• _Records provided_:
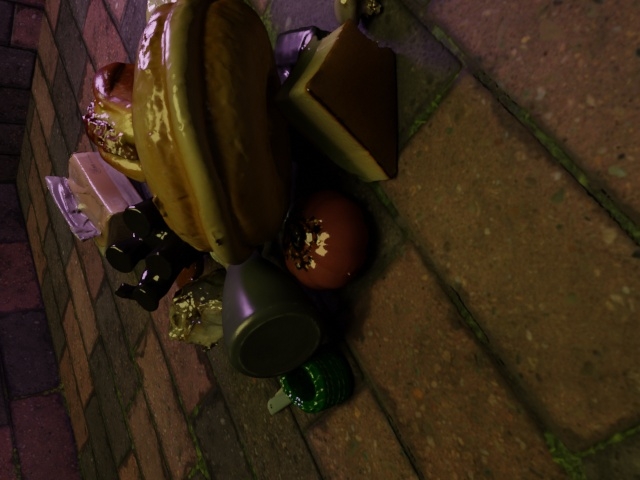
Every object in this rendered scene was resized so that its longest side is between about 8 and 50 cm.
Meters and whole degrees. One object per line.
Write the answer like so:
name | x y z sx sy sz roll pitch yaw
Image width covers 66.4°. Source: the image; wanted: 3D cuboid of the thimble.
thimble | -0.012 0.263 0.933 0.130 0.090 0.118 -21 81 47

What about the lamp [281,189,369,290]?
lamp | 0.000 0.000 0.866 0.182 0.140 0.181 -1 89 53

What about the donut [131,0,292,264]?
donut | -0.163 -0.178 0.821 0.198 0.449 0.448 -5 90 4

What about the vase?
vase | -0.128 0.091 0.939 0.321 0.174 0.173 55 131 48

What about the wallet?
wallet | -0.050 -0.292 0.976 0.169 0.052 0.245 24 112 49

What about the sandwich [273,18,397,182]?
sandwich | 0.059 -0.230 0.814 0.108 0.220 0.186 0 56 51

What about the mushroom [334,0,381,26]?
mushroom | 0.064 -0.401 0.826 0.079 0.085 0.085 12 104 12

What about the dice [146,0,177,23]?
dice | -0.296 -0.516 1.144 0.166 0.169 0.169 -26 73 47

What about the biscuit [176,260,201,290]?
biscuit | -0.371 0.085 1.377 0.124 0.026 0.174 17 105 48

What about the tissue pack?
tissue pack | -0.736 -0.117 1.597 0.305 0.239 0.238 50 128 22

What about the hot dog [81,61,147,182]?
hot dog | -0.440 -0.302 1.184 0.405 0.223 0.185 -106 34 -56

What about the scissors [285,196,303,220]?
scissors | -0.060 -0.071 1.029 0.083 0.006 0.036 -35 69 44

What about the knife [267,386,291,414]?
knife | -0.071 0.330 1.055 0.162 0.023 0.044 -48 60 39

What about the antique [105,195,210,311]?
antique | -0.353 -0.002 1.160 0.185 0.255 0.322 35 128 -3

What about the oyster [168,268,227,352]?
oyster | -0.217 0.156 1.119 0.337 0.133 0.197 0 61 31

• _Aim of the task_:
Reproduce the entire listing exactly, except for any pictures it contains.

• _Output of the task_:
Every object in this rendered scene was resized so that its longest side is between about 8 and 50 cm.
Meters and whole degrees. One object per line.
Write the answer like so:
name | x y z sx sy sz roll pitch yaw
Image width covers 66.4°. Source: the image; wanted: 3D cuboid of the thimble.
thimble | -0.012 0.263 0.933 0.130 0.090 0.118 -21 81 47

What about the lamp [281,189,369,290]?
lamp | 0.000 0.000 0.866 0.182 0.140 0.181 -1 89 53

What about the donut [131,0,292,264]?
donut | -0.163 -0.178 0.821 0.198 0.449 0.448 -5 90 4

What about the vase?
vase | -0.128 0.091 0.939 0.321 0.174 0.173 55 131 48

What about the wallet?
wallet | -0.050 -0.292 0.976 0.169 0.052 0.245 24 112 49

What about the sandwich [273,18,397,182]?
sandwich | 0.059 -0.230 0.814 0.108 0.220 0.186 0 56 51

What about the mushroom [334,0,381,26]?
mushroom | 0.064 -0.401 0.826 0.079 0.085 0.085 12 104 12

What about the dice [146,0,177,23]?
dice | -0.296 -0.516 1.144 0.166 0.169 0.169 -26 73 47

What about the biscuit [176,260,201,290]?
biscuit | -0.371 0.085 1.377 0.124 0.026 0.174 17 105 48

What about the tissue pack?
tissue pack | -0.736 -0.117 1.597 0.305 0.239 0.238 50 128 22

What about the hot dog [81,61,147,182]?
hot dog | -0.440 -0.302 1.184 0.405 0.223 0.185 -106 34 -56

What about the scissors [285,196,303,220]?
scissors | -0.060 -0.071 1.029 0.083 0.006 0.036 -35 69 44

What about the knife [267,386,291,414]?
knife | -0.071 0.330 1.055 0.162 0.023 0.044 -48 60 39

What about the antique [105,195,210,311]?
antique | -0.353 -0.002 1.160 0.185 0.255 0.322 35 128 -3

What about the oyster [168,268,227,352]?
oyster | -0.217 0.156 1.119 0.337 0.133 0.197 0 61 31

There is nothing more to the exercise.